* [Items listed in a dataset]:
__________
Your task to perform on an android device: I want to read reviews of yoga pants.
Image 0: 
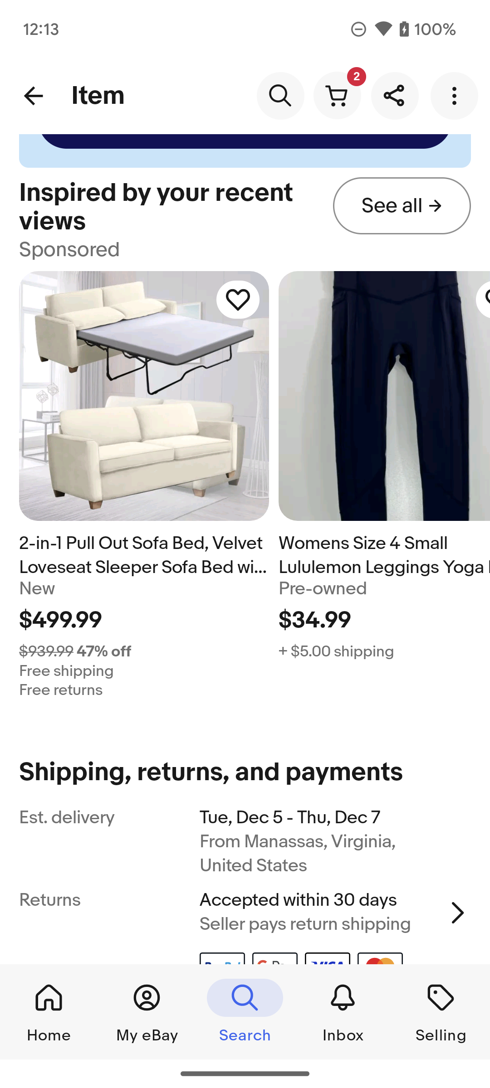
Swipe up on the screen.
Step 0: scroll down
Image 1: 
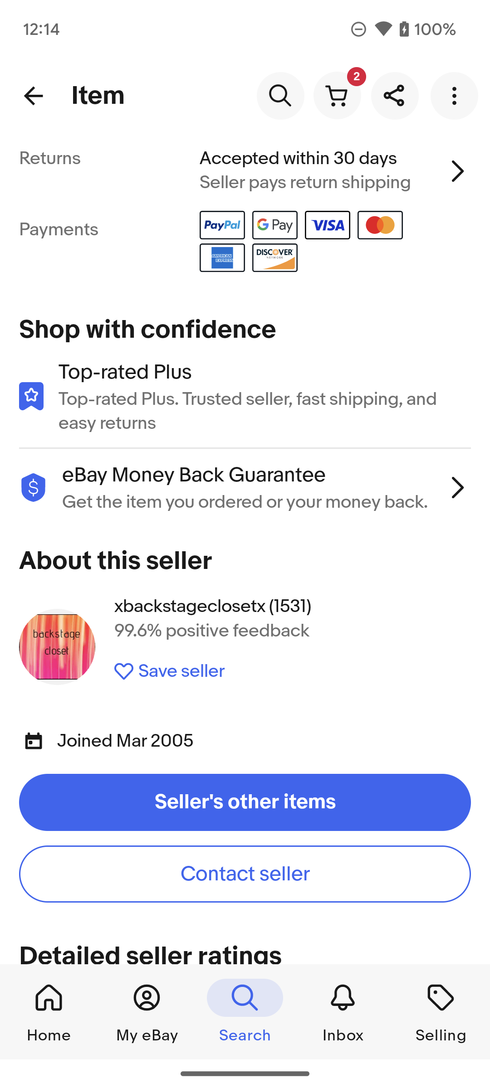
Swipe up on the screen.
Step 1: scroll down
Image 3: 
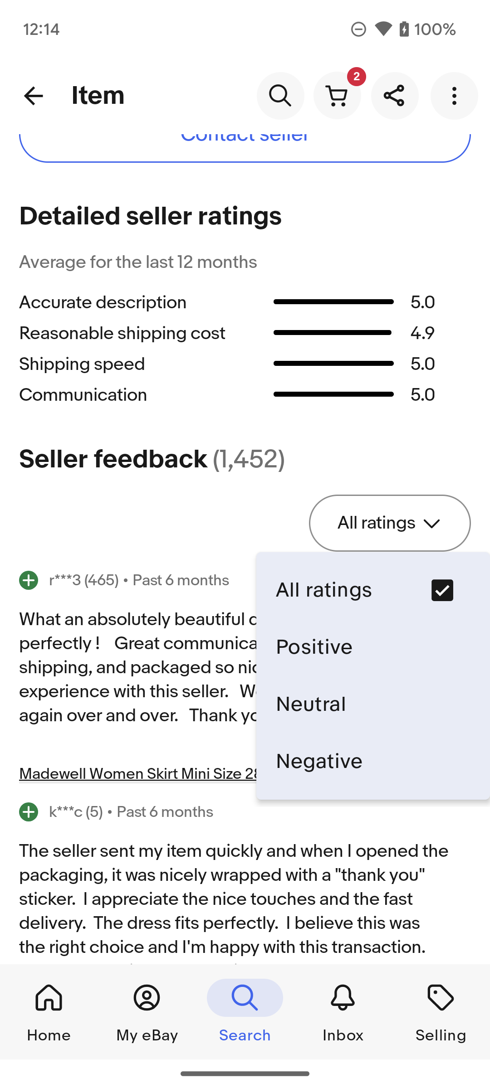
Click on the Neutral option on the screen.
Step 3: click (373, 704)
__________
* [What is being asked]:
Check each line of the records above for the string "down", and report every line that has it.

* [Result for this task]:
Step 0: scroll down
Step 1: scroll down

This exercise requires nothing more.